Tale statuizione è divenuta cosa giudicata perché da nessuno impugnata Essa , inoltre , appare del tutto corretta perché il condomino C., che aveva gravi motivi di conflitto con l’amministrazione del condominio e che non riusciva a contestare comportamenti dell’amministratore A. ritenuti gravemente scorretti perché questi non convocava le assemblee , ritenne con la lettera incriminata di contestare la conduzione del condominio.  
Che ciò si possa fare anche usando frasi certamente aspre perché è fuori dubbio che a ciascun condomino spetta il diritto di controllare i comportamenti dell’amministratore e di denunciare eventuali riscontrate irregolarità.  
Non si può, pertanto che condividere l’impostazione del Tribunale il quale peraltro , ha chiarito che non vi era una aggressione alla sfera morale della persona dell’A., ma una censura soltanto delle attività svolte come amministratore.
Ciò che non si comprende è la decisione in ordine alla diffamazione consistita nella distribuzione della lettera ai vari condomini.  

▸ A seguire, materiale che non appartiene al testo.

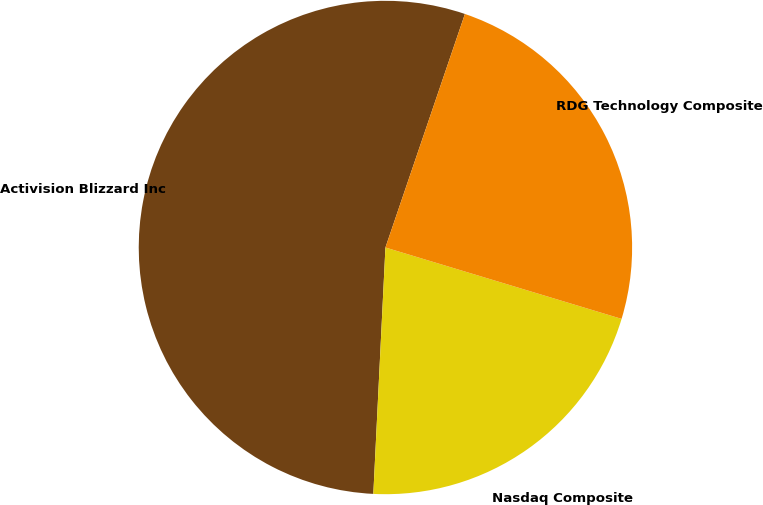Convert chart. <chart><loc_0><loc_0><loc_500><loc_500><pie_chart><fcel>Activision Blizzard Inc<fcel>Nasdaq Composite<fcel>RDG Technology Composite<nl><fcel>54.44%<fcel>21.11%<fcel>24.45%<nl></chart> 
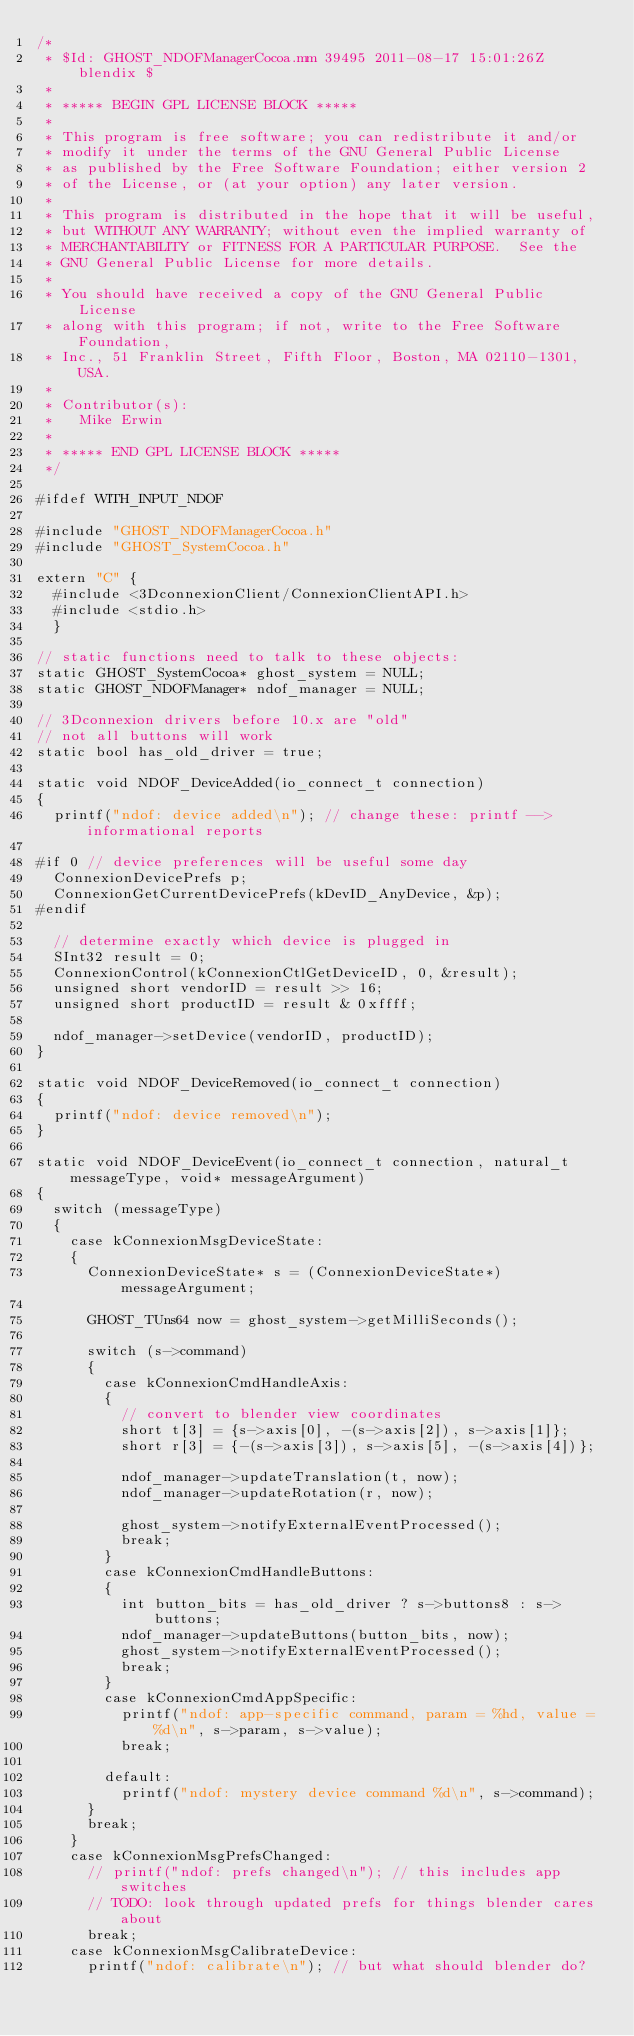<code> <loc_0><loc_0><loc_500><loc_500><_ObjectiveC_>/*
 * $Id: GHOST_NDOFManagerCocoa.mm 39495 2011-08-17 15:01:26Z blendix $
 *
 * ***** BEGIN GPL LICENSE BLOCK *****
 *
 * This program is free software; you can redistribute it and/or
 * modify it under the terms of the GNU General Public License
 * as published by the Free Software Foundation; either version 2
 * of the License, or (at your option) any later version. 
 *
 * This program is distributed in the hope that it will be useful,
 * but WITHOUT ANY WARRANTY; without even the implied warranty of
 * MERCHANTABILITY or FITNESS FOR A PARTICULAR PURPOSE.  See the
 * GNU General Public License for more details.
 *
 * You should have received a copy of the GNU General Public License
 * along with this program; if not, write to the Free Software Foundation,
 * Inc., 51 Franklin Street, Fifth Floor, Boston, MA 02110-1301, USA.
 *
 * Contributor(s):
 *   Mike Erwin
 *
 * ***** END GPL LICENSE BLOCK *****
 */

#ifdef WITH_INPUT_NDOF

#include "GHOST_NDOFManagerCocoa.h"
#include "GHOST_SystemCocoa.h"

extern "C" {
	#include <3DconnexionClient/ConnexionClientAPI.h>
	#include <stdio.h>
	}

// static functions need to talk to these objects:
static GHOST_SystemCocoa* ghost_system = NULL;
static GHOST_NDOFManager* ndof_manager = NULL;

// 3Dconnexion drivers before 10.x are "old"
// not all buttons will work
static bool has_old_driver = true;

static void NDOF_DeviceAdded(io_connect_t connection)
{
	printf("ndof: device added\n"); // change these: printf --> informational reports

#if 0 // device preferences will be useful some day
	ConnexionDevicePrefs p;
	ConnexionGetCurrentDevicePrefs(kDevID_AnyDevice, &p);
#endif

	// determine exactly which device is plugged in
	SInt32 result = 0;
	ConnexionControl(kConnexionCtlGetDeviceID, 0, &result);
	unsigned short vendorID = result >> 16;
	unsigned short productID = result & 0xffff;

	ndof_manager->setDevice(vendorID, productID);
}

static void NDOF_DeviceRemoved(io_connect_t connection)
{
	printf("ndof: device removed\n");
}

static void NDOF_DeviceEvent(io_connect_t connection, natural_t messageType, void* messageArgument)
{
	switch (messageType)
	{
		case kConnexionMsgDeviceState:
		{
			ConnexionDeviceState* s = (ConnexionDeviceState*)messageArgument;

			GHOST_TUns64 now = ghost_system->getMilliSeconds();

			switch (s->command)
			{
				case kConnexionCmdHandleAxis:
				{
					// convert to blender view coordinates
					short t[3] = {s->axis[0], -(s->axis[2]), s->axis[1]};
					short r[3] = {-(s->axis[3]), s->axis[5], -(s->axis[4])};

					ndof_manager->updateTranslation(t, now);
					ndof_manager->updateRotation(r, now);

					ghost_system->notifyExternalEventProcessed();
					break;
				}
				case kConnexionCmdHandleButtons:
				{
					int button_bits = has_old_driver ? s->buttons8 : s->buttons;
					ndof_manager->updateButtons(button_bits, now);
					ghost_system->notifyExternalEventProcessed();
					break;
				}
				case kConnexionCmdAppSpecific:
					printf("ndof: app-specific command, param = %hd, value = %d\n", s->param, s->value);
					break;

				default:
					printf("ndof: mystery device command %d\n", s->command);
			}
			break;
		}
		case kConnexionMsgPrefsChanged:
			// printf("ndof: prefs changed\n"); // this includes app switches
			// TODO: look through updated prefs for things blender cares about
			break;
		case kConnexionMsgCalibrateDevice:
			printf("ndof: calibrate\n"); // but what should blender do?</code> 
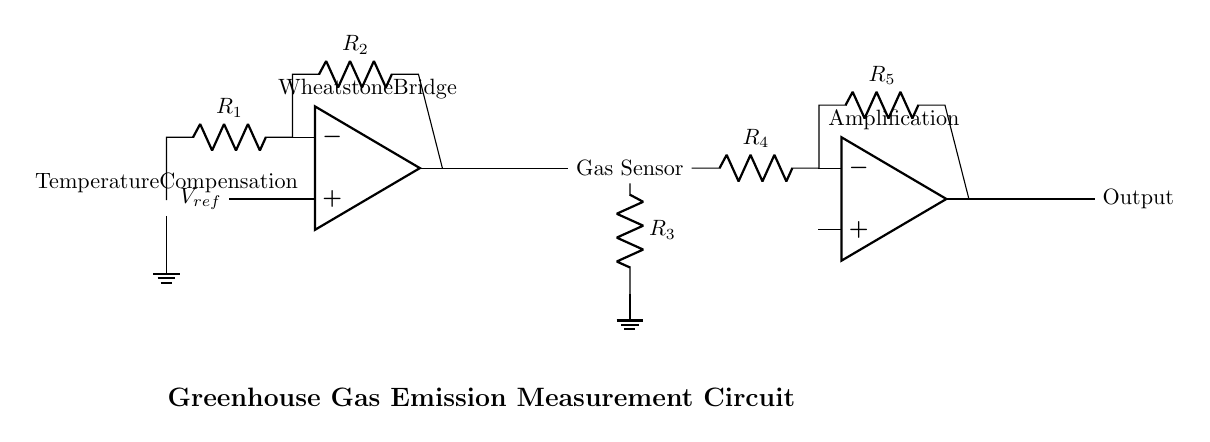What type of temperature sensor is used? The circuit uses a thermistor, which is indicated in the diagram. It is marked as the temperature sensor, providing information that changes with temperature variation.
Answer: thermistor What is the function of the first operational amplifier? The first operational amplifier acts as a Wheatstone bridge, balancing the resistance and making the temperature measurement more stable and accurate. This can be deduced from the label associated with it in the diagram.
Answer: Wheatstone bridge How many resistors are present in the circuit? There are five resistors labeled R1, R2, R3, R4, and R5 in the circuit diagram, which are connected in various configurations for temperature and gas detection.
Answer: five What is the output of the second operational amplifier? The output of the second operational amplifier is labeled as 'Output' in the circuit, directly connected to the preceding components and showing where the final measurement signal is derived.
Answer: Output What role does resistance R3 play in the circuit? Resistance R3 is part of the gas sensor configuration, and it helps to measure the resistance change due to the concentration of greenhouse gases, critical for monitoring emissions. Its position relative to the gas sensor indicates its function in the measurement process.
Answer: Gas Sensor How does temperature compensation occur in this circuit? Temperature compensation is achieved through the thermistor, which adjusts the measurement based on varying temperatures by influencing the first operational amplifier’s inputs, ensuring consistent readings regardless of ambient temperature fluctuations.
Answer: Thermistor 
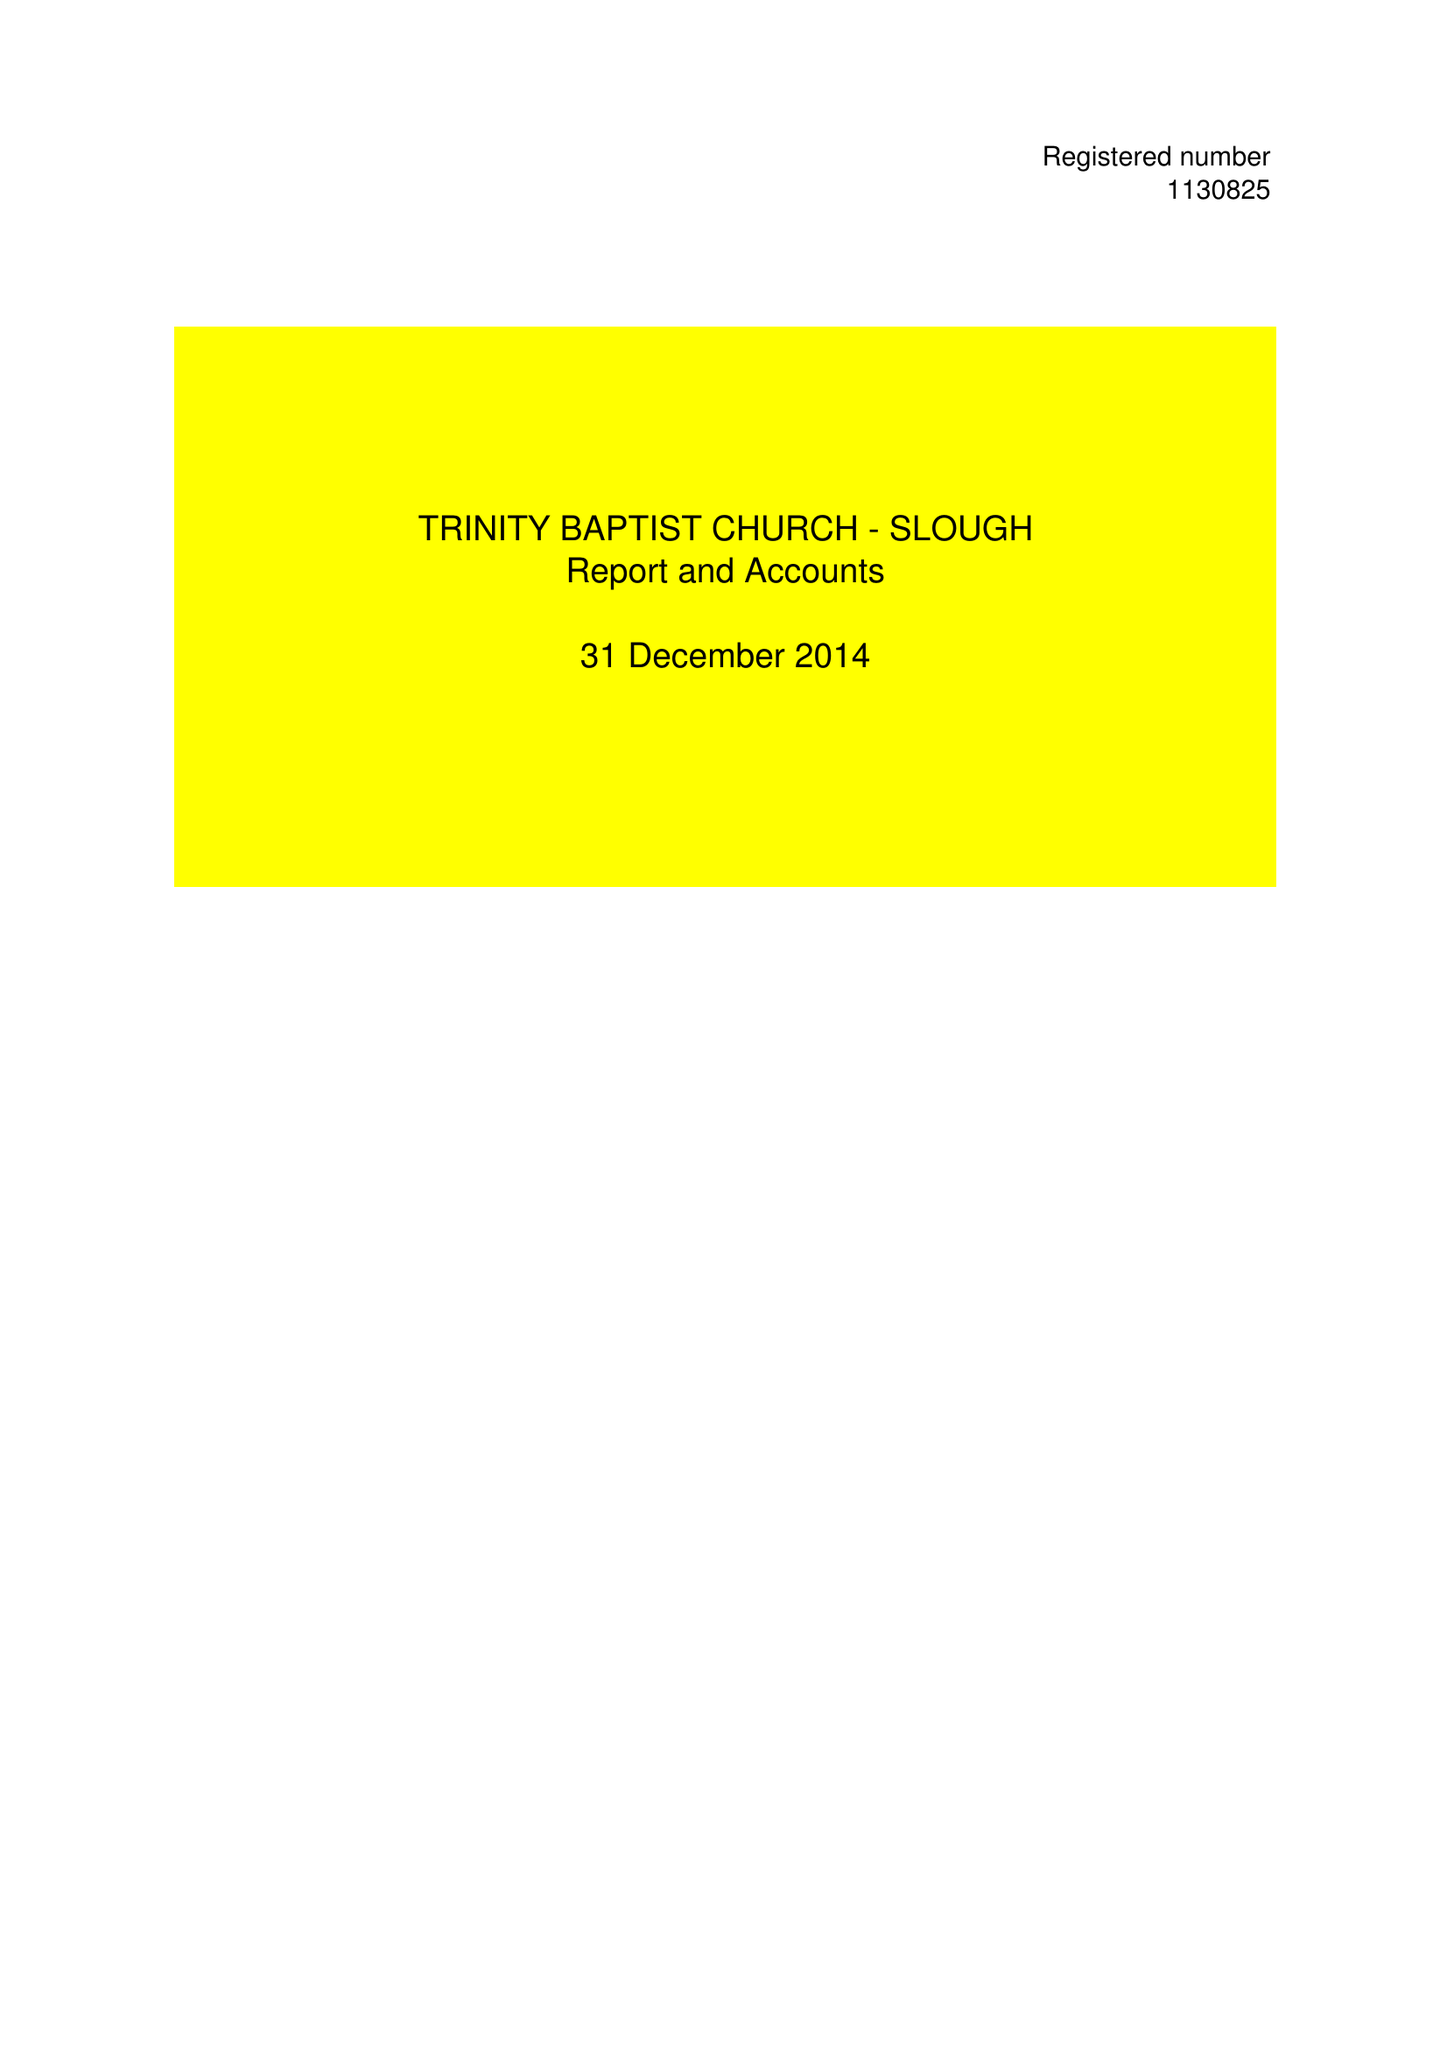What is the value for the report_date?
Answer the question using a single word or phrase. 2014-12-31

Anche il delitto di diffamazione è infatti, scriminato quando sia espressione del legittimo esercizio del diritto di critica e, quindi , le considerazioni svolte a proposito del delitto di ingiuria si sarebbero dovute ritenere valide anche per il delitto di diffamazione.
Del resto in mancanza di convocazione di rituali assemblee il condomino, per rendere edotti gli altri condomini di eventuali irregolarità e della iniziativa intrapresa di contestare la condotta dell’amministratore con attribuzione di specifici comportamenti non può fare altro che inviare agli altri condomini una missiva in modo che anche essi attivino i loro poteri di controllo.
Anche in ordine al delitto di diffamazione si sarebbe dovuto ritenere e in base alla disposizione dell’articolo 129 c.p.p. che il fatto non costituisce reato.  
E’ vero che l’imputato ha in primo luogo chiesto di essere assolto per non avere commesso il fatto ma va detto che il Tribunale aveva sostenuto che essendo la missiva incriminata certamente opera dello C. che la aveva spedita all’amministratore, non si poteva che ritenere che fosse stato proprio lui ad imbucare copia della missiva nella cassetta delle lettere degli altri condomini Orbene questi fatti e tali considerazioni non consentono di ritenere evidente che C. non abbia commesso il fatto contestatogli evidenza necessaria per pervenire ad una formula assolutoria più favorevole a fronte della riscontrata sussistenza di una causa di giustificazione del delitto contestato.  
Le conclusioni raggiunte rendono evidentemente superfluo l’esame degli altri motivi di impugnazione  Per le ragioni indicate la sentenza impugnata deve essere annullata senza rinvio perché il fatto non costituisce reato.  

                                                               P.Q.M.  

La Corte annulla la sentenza impugnata senza rinvio perché il fatto non costituisce reato.